Wielkie manifestacje poparcia dla jedności Hiszpanii spodziewane są w ten weekend na ulicach głównych miast w kraju, informuje El Pais. Demonstracje, w których mają wziąć udział tysiące ludzi zaplanowano m.in. w Madrycie i Sewilli. Organizacje popierające jedność kraju wzywają także do organizacji podobnych wieców w samej Barcelonie.
Wcześniej Eric Millo, przedstawiciel rządu Hiszpanii w Katalonii przeprosił osoby ranne w czasie policyjnej interwencji podczas głosowania w referendum z ostatniej niedzieli. Dodał, że przeprasza także w imieniu samych policjantów. Jednocześnie ponownie obwinił regionalny rząd w Barcelonie za przeprowadzenie nielegalnego referendum.
Natomiast Sąd Apelacyjny w Madrycie zawiesił planowane na poniedziałek posiedzenie parlamentu Katalonii. Główne siły polityczne w regionie mają tam prawdopodobnie ogłosić deklarację niepodległości.

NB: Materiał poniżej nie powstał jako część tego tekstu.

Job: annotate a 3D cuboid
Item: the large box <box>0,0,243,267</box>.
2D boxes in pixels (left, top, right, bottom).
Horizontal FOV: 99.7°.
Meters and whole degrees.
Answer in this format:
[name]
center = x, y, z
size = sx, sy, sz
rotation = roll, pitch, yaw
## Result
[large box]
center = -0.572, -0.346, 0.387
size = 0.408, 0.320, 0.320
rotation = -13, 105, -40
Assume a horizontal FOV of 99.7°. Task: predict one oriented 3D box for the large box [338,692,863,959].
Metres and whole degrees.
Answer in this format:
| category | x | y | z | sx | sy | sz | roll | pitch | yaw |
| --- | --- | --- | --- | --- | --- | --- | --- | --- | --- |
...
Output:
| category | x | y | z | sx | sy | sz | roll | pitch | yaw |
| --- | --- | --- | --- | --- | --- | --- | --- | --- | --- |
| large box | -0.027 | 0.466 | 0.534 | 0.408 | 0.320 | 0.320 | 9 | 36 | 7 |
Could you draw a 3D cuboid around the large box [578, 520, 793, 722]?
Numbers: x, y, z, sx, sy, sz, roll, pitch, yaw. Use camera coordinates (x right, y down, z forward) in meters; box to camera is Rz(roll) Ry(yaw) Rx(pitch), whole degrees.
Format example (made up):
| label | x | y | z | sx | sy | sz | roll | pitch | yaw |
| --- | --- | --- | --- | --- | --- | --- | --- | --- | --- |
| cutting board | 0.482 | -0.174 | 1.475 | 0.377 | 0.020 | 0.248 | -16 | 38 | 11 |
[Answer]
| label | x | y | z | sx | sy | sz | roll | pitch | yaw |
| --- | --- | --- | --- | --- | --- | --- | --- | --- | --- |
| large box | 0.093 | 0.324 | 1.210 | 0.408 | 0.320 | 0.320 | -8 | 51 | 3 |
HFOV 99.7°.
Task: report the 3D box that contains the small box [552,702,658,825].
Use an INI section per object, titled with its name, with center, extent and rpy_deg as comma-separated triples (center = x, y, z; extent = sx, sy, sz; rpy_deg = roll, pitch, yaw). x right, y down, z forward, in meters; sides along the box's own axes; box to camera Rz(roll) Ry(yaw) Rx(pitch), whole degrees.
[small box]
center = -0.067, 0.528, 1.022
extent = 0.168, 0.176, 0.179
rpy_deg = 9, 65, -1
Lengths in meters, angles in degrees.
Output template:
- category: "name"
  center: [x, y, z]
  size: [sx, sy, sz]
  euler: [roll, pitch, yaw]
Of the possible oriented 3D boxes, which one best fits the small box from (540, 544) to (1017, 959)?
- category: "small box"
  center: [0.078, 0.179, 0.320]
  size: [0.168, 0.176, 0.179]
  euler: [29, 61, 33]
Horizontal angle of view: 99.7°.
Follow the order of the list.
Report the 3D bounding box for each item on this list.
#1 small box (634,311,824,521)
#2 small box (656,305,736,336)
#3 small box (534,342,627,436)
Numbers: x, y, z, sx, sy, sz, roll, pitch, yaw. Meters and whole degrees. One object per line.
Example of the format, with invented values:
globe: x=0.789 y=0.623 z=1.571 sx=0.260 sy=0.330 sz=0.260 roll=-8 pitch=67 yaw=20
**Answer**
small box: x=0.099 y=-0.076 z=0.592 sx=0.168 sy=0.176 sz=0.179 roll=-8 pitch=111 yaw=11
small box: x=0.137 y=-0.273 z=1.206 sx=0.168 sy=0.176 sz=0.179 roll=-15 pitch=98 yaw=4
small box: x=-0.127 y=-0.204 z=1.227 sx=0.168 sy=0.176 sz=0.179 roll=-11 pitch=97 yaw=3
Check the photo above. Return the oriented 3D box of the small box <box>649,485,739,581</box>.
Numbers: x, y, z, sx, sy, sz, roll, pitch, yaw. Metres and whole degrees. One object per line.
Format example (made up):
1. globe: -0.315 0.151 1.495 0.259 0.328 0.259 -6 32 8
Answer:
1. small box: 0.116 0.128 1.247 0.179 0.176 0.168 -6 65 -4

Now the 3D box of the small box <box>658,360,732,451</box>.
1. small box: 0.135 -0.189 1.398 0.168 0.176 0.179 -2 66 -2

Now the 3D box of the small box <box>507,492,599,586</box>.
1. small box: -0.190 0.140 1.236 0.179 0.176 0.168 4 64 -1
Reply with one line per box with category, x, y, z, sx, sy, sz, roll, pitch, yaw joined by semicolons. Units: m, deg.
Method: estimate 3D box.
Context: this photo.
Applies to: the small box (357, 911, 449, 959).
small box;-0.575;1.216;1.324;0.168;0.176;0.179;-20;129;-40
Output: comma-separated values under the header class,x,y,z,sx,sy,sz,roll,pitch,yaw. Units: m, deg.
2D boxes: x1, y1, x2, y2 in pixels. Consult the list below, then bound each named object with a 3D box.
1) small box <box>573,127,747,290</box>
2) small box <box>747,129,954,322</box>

Raul Romeva, kataloński minister spraw zagranicznych zapowiedział już, że pomimo werdyktu Sądu Apelacyjnego, parlament spotka się i odbędzie się normalne posiedzenie, informuje BBC.
Carles Puigdemont, premier Katalonii zamierza wygłosić swoje przemówienie we wtorek. Czy wtedy zostanie proklamowana niepodległość regionu czy już w poniedziałek? Tego na razie nie wiemy.